Chicago Cop Charged With Murder Of Unarmed Man Will Await Trail From Home
By Stephen Gossett in News on Jan 19, 2017 9:05PM
Lowell Houser, CPD handout
The Chicago cop charged with first-degree murder in the off-duty shooting death of an unarmed man has been released and placed on electronic monitoring while he awaits trial.
Prosecutors in bond court on Thursday argued for Lowell Houser, 57, to be held without bail, but Cook County Judge Donald Panarese Jr. ruled Howell released on his own recognizance in advance of his criminal court date.
Houser, a 28-year veteran of the Chicago police department, was charged Wednesday with the murder of Jose Nieves.
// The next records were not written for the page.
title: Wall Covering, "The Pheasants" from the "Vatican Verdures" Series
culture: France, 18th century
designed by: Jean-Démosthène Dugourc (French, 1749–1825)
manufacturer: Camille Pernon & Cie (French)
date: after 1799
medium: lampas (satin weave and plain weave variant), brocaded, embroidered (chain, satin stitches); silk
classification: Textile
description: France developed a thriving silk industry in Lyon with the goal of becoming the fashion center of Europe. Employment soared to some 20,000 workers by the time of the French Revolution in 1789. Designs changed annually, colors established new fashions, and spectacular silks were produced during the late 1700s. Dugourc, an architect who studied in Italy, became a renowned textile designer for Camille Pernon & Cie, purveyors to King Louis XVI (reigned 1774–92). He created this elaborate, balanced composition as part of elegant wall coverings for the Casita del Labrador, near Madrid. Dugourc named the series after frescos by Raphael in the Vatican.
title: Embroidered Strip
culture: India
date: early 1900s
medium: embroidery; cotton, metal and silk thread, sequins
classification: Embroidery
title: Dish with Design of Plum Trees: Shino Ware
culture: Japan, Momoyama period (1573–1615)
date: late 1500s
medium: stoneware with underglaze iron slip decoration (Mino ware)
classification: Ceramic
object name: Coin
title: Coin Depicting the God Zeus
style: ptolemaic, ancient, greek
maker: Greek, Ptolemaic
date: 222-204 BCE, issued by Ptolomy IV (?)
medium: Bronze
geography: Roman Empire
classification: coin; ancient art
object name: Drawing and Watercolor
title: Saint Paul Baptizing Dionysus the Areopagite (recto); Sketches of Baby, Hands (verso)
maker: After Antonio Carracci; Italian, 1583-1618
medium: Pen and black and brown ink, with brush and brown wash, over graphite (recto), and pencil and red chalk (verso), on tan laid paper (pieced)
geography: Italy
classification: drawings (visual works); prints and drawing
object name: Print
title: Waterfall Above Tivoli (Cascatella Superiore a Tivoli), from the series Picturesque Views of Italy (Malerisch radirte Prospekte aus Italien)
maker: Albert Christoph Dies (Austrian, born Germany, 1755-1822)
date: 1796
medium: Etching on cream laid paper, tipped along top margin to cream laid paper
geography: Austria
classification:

Nieves, 38, was shot and killed on Jan. 2, at around 9:30 a.m. after an altercation escalated, police said. Houser was identified as the shooter on Wednesday, when murder charges were filed by the office of Cook County State's Attorney Kim Foxx.
Prosecutors said on Thursday that Houser had pulled a gun and threatened Nieves during a run-in just weeks before the shooting. That argument seems to dovetail with family statements to the media after the shooting. “911 calls had been made before about that gentlemen pulling out his gun at my brother," Nieves’ sister told WGN.
Nieves and a friend were moving in boxes on the morning of the shooting. According to the Sun-Times, Assistant State’s Attorney Lynn McCarthy said in court that Houser asked Nieves’ friend, “Why are you helping him? Are you his mother? You know he treats women badly?” (Houser had a “female companion” who lived in the same building as Nieves, prosecutors reportedly said.) Nieves at some point later told Houser to address him directly.
A neighbor later heard a loud altercation and saw Nieves and Houser arguing. A short time later, he heard three loud bangs, McCarthy said, according to reports.
Houser called 911 and told the dispatcher, “A gentleman tried to attack me. I had to shoot him,” McCarthy reportedly said.
Houser's murder charge and bond court appearance follow closely on the release of the Department of Justice's scathing findings in their investigation of the Chicago Police Department.
The murder charge comes in the wake of the Department of Justice’s scathing findings in a 13-month investigation of the Chicago Police Department.